• _Problem statement_
When you repeat the material, keep each line exact and omit the pictures.

• _Data shown_
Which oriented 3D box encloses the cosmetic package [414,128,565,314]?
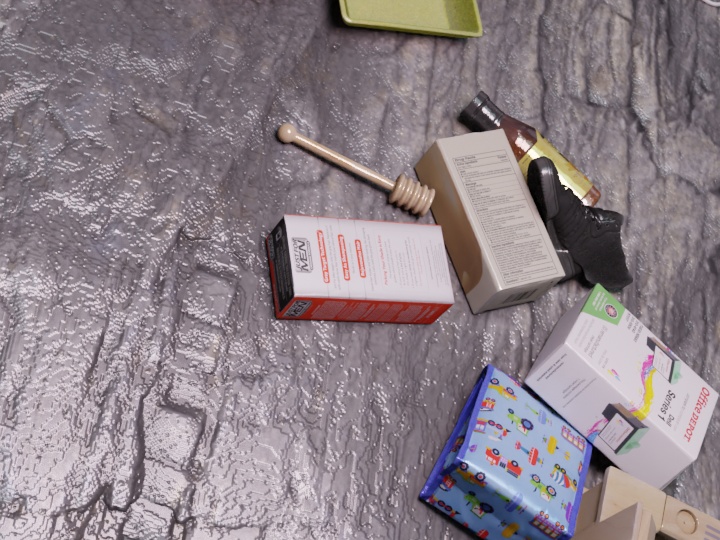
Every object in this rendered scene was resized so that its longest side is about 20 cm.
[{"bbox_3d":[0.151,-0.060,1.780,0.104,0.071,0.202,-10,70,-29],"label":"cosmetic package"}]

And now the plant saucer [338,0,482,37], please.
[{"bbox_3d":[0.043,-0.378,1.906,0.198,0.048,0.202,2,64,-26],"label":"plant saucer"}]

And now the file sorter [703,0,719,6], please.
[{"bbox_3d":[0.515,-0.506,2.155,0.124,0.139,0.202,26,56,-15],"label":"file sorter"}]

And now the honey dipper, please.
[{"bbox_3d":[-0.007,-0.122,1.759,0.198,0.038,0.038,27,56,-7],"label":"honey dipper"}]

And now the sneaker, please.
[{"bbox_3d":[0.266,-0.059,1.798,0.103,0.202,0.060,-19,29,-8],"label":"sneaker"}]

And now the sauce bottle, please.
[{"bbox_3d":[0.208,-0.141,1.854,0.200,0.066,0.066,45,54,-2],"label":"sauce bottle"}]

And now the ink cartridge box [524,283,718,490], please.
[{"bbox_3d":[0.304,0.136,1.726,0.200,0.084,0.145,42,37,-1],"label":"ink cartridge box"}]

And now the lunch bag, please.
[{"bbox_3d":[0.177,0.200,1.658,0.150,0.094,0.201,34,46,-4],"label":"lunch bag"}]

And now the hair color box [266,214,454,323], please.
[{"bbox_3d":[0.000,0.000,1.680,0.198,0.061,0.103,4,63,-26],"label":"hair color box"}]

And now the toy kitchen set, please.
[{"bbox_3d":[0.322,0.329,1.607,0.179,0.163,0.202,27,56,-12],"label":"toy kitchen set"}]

• _Worked solution_
Which oriented 3D box encloses the cosmetic package [414,128,565,314]?
Every object in this rendered scene was resized so that its longest side is about 20 cm.
[{"bbox_3d":[0.151,-0.060,1.780,0.104,0.071,0.202,-10,70,-29],"label":"cosmetic package"}]

And now the plant saucer [338,0,482,37], please.
[{"bbox_3d":[0.043,-0.378,1.906,0.198,0.048,0.202,2,64,-26],"label":"plant saucer"}]

And now the file sorter [703,0,719,6], please.
[{"bbox_3d":[0.515,-0.506,2.155,0.124,0.139,0.202,26,56,-15],"label":"file sorter"}]

And now the honey dipper, please.
[{"bbox_3d":[-0.007,-0.122,1.759,0.198,0.038,0.038,27,56,-7],"label":"honey dipper"}]

And now the sneaker, please.
[{"bbox_3d":[0.266,-0.059,1.798,0.103,0.202,0.060,-19,29,-8],"label":"sneaker"}]

And now the sauce bottle, please.
[{"bbox_3d":[0.208,-0.141,1.854,0.200,0.066,0.066,45,54,-2],"label":"sauce bottle"}]

And now the ink cartridge box [524,283,718,490], please.
[{"bbox_3d":[0.304,0.136,1.726,0.200,0.084,0.145,42,37,-1],"label":"ink cartridge box"}]

And now the lunch bag, please.
[{"bbox_3d":[0.177,0.200,1.658,0.150,0.094,0.201,34,46,-4],"label":"lunch bag"}]

And now the hair color box [266,214,454,323], please.
[{"bbox_3d":[0.000,0.000,1.680,0.198,0.061,0.103,4,63,-26],"label":"hair color box"}]

And now the toy kitchen set, please.
[{"bbox_3d":[0.322,0.329,1.607,0.179,0.163,0.202,27,56,-12],"label":"toy kitchen set"}]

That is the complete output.